Macbeth: BLOOD WILL HAVE BLOOD (3.4.114-125) #DaggerDrawn #SlowShakespeare

ROSS               What sights, my lord?

LADY              I pray you, speak not. He grows worse and worse.

Question enrages him. At once, good night.

Stand not upon the order of your going,

But go at once.

LENNOX         Good night, and better health

Attend his majesty.

LADY                          A kind good-night to all.

Exeunt Lords [and attendants]

MACBETH      It will have blood, they say: blood will have blood.

Stones have been known to move and trees to speak.

Augurs and understood relations have

By maggot-pies and choughs and rooks brought forth

The secret’st man of blood. What is the night?
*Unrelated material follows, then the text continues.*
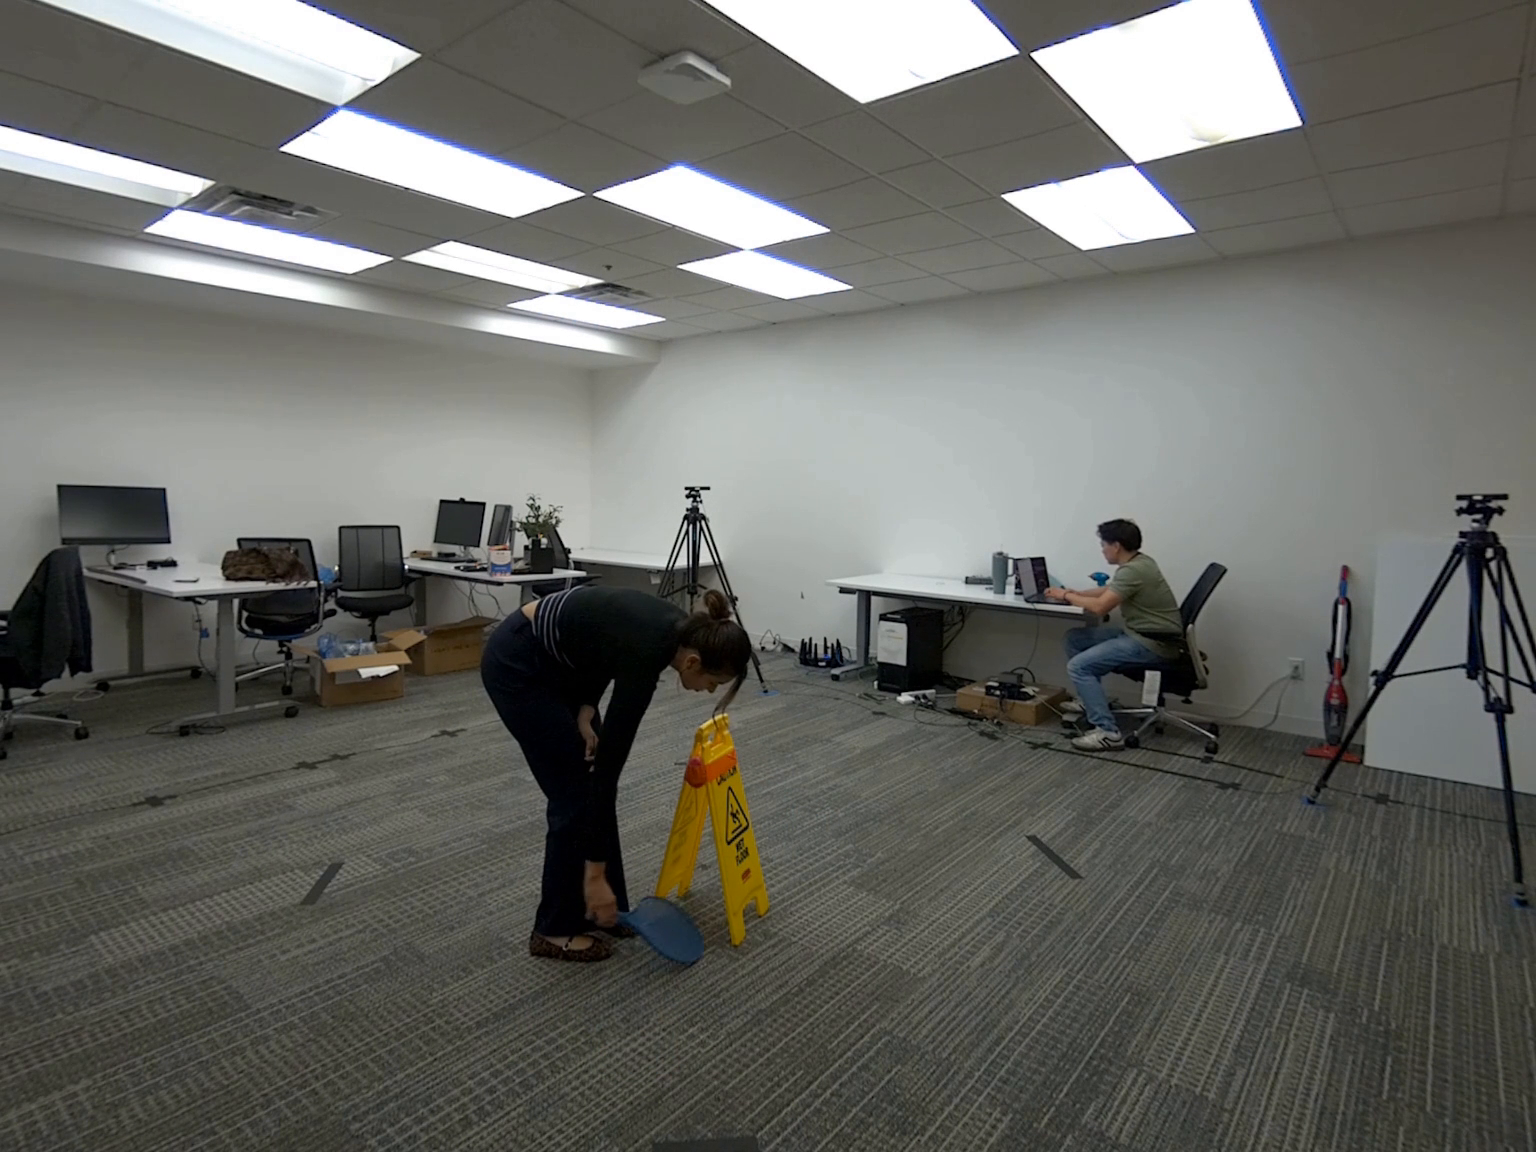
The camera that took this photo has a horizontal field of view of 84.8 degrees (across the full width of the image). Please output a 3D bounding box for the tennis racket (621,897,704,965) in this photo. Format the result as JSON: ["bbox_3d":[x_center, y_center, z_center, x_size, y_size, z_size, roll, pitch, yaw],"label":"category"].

LADY              Almost at odds with morning, which is which.      (3.4.114-125)

 

What sights, my lord? Ross has started asking questions, voicing the questions that all the lords—and servants—surely have, and that’s enough; Lady Macbeth doesn’t trust her husband not to rave and rant about the things that he is apparently able to see that no one else can, these horrific sights, or, perhaps even worse, she doesn’t trust him not to tell all, to confess things that he hasn’t even told her about what he’s done. So the plug must be pulled, the lights turned on: the party’s over and the guests have to get out of there as fast as possible. I pray you, speak not; no time for talk, let alone asking questions. He grows worse and worse: all pretence that this is just one of those things, a minor and accustomed inconvenience, has gone. Question enrages him, and whether it does or not, having people ask him things, or perhaps question his motives, it’s an emphatic way of shutting Ross down: you’ll just make it worse if you ask. At once, good night. Stand not upon the order of your going, but go at once. Everyone needs to go right now, paying no attention to hierarchy or status or order. Leave at once using all available exits, the antithesis of the formal procession which probably began the scene. Lennox does try to have the last word, or perhaps just to maintain some sort of proprieties, or to make sure that Ross doesn’t have the last word, that he, Lennox, is being noted for his solicitousness even as he’s obeying orders. Good night, and better health attend his majesty. Indeed. You don’t want the king going full meltdown like this, apparently without prior warning or explanation—or remedy.

 

Once it’s just the two of them, Macbeth really lets rip, and one option here is for him to sound as if he’s channelling a voice that’s not his own, with this dreadful vision, these dreadful demands. It will have blood, they say: blood will have blood: revenge, blood vengeance. Banquo’s blood cries out for vengeance, like Duncan’s before him, and like Abel’s, victim of the first biblical murder at the hands of his brother Cain—and that vengeance could well be ultimately enacted, Macbeth suspects, with great weariness, by Banquo’s blood, by his descendant Fleance. And three repetitions of blood in that single line, less like drops than clots, or so much blood that it drips rhythmically to the ground. What’s more, the murder of Banquo—which Macbeth still hasn’t revealed in as many words to Lady Macbeth—will surely be discovered, perhaps by supernatural means. Because stones have been known to move and trees to speak, to reveal murders (trees bleed, too, in Dante and Spenser, screaming as they do so). And sometimes murders have been brought to light by other means, by augurs, soothsayers, prophecies, and by birds such as maggot-pies and choughs, magpies and crows (birds again, again ill-omened ones, and also birds that were sacrificed in sooth-saying in classical times). Above all he’s probably thinking of cruentation, the belief that a corpse started to bleed again in the presence of its murderer; that’s why Banquo is a bloody ghost, with so much attention given to his wounds. His very appearance is identifying Macbeth as his murderer, or as good as; his wounds are like mouths, and they speak. Even the secret’st man of blood will be brought forth: even the most carefully concealed, secretive murderer will be discovered. Macbeth now sees himself irrevocably as that man of blood and it’s only a matter of time before everyone knows it.

 

And then that weary, flat, ordinary question: what is the night? he’s back in the moment (it’s not an existential question, although on the page one might be forgiven for thinking that he’s tipped over into asking such things: what is the night, really?) What time is it? he’s asking. Lady Macbeth replies with equal weariness: it’s almost at odds with morning, which is which. It’s almost dawn, the grey hour, drained and chill. They’ve been up all night again.